For the past 6 months I had the opportunity to be a Project Manager at Ubiqua. Here are some of the lessons I’ve learned so far…
On Managing People
“I believe the real difference between success and failure in a corporation can be very often traced to the question of how well the organization brings out the great energies and talents of its people.” – Thomas J. Watson, Jr
“Of all the things I’ve done, the most vital is coordinating those who work with me and aiming their efforts at a certain goal.” – Walt Disney
- Managing People is VERY HARD.
If managing projects weren’t difficult enough, managing people is a much more difficult task. People aren’t cold and calculated like machines or plans. They have thoughts and feelings; fears and ambitions. The challenges of managing people are different from managing projects. Managing people successfully is a matter of leadership. In order to motivate your team you need to empathize with them and understand their ambitions and concerns. You need to align people to a common goal; managing the emotional peaks and valleys along the way. You need to deal with poor performance and energize your troops when things get tough. And once the final goal has been achieved, you need to recognize and reward those who contributed to the project’s success.
- Most of your problems will be People Problems. (Not Project Problems)

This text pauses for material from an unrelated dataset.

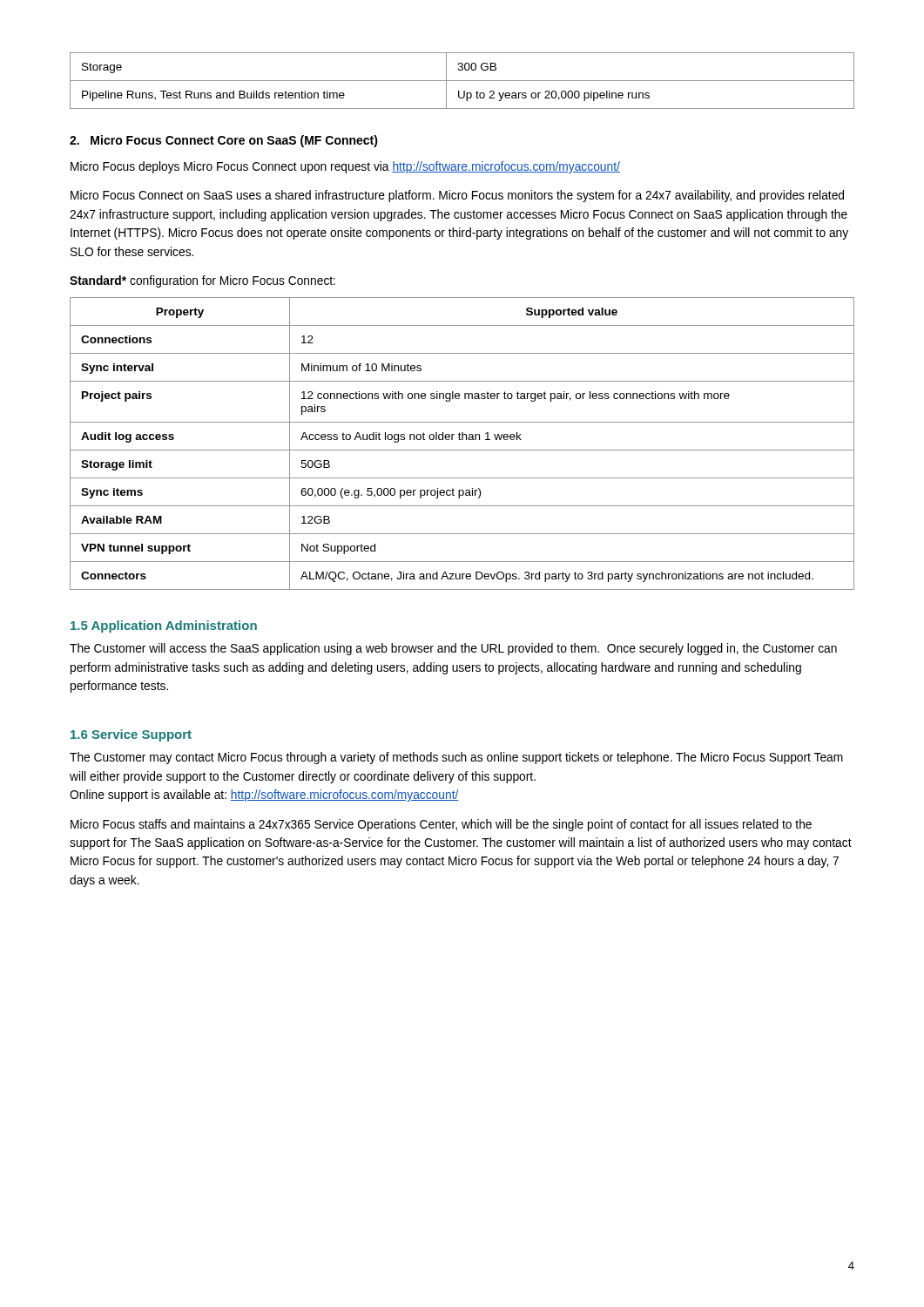Locate the text block with the text "Micro Focus staffs and maintains a 24x7x365 Service"
924x1307 pixels.
pyautogui.click(x=460, y=852)

You’re not managing robots. We manage people. People have interests, fears, and strengths. We do our best to understand our project team and inspire them to achieve great levels of performance. Most of the issues we will deal as Project Managers concern motivation, ownership, initiative, and responsibility. Many of the logistical/process problems you’ll face are really people problems in disguise.
People not delivering in time can be a lack of prioritization. Deliverables not meeting standards can be a problem of communication and clarity. Projects that are stuck can be caused by a lack of initiative by the team; where people are tossing responsibilities at each other. As a PM you will need to support your team in solving their problems. And you will have to give them ownership and autonomy so that they are empowered to deliver exceptional results.
Most importantly, when faced with a project problem, avoid rushing to implement new tools and metrics to manage the project. You most likely don’t need them. Instead, first diagnose the human factors at play. Dig deep to understand the people problems that are causing the setbacks on your progress.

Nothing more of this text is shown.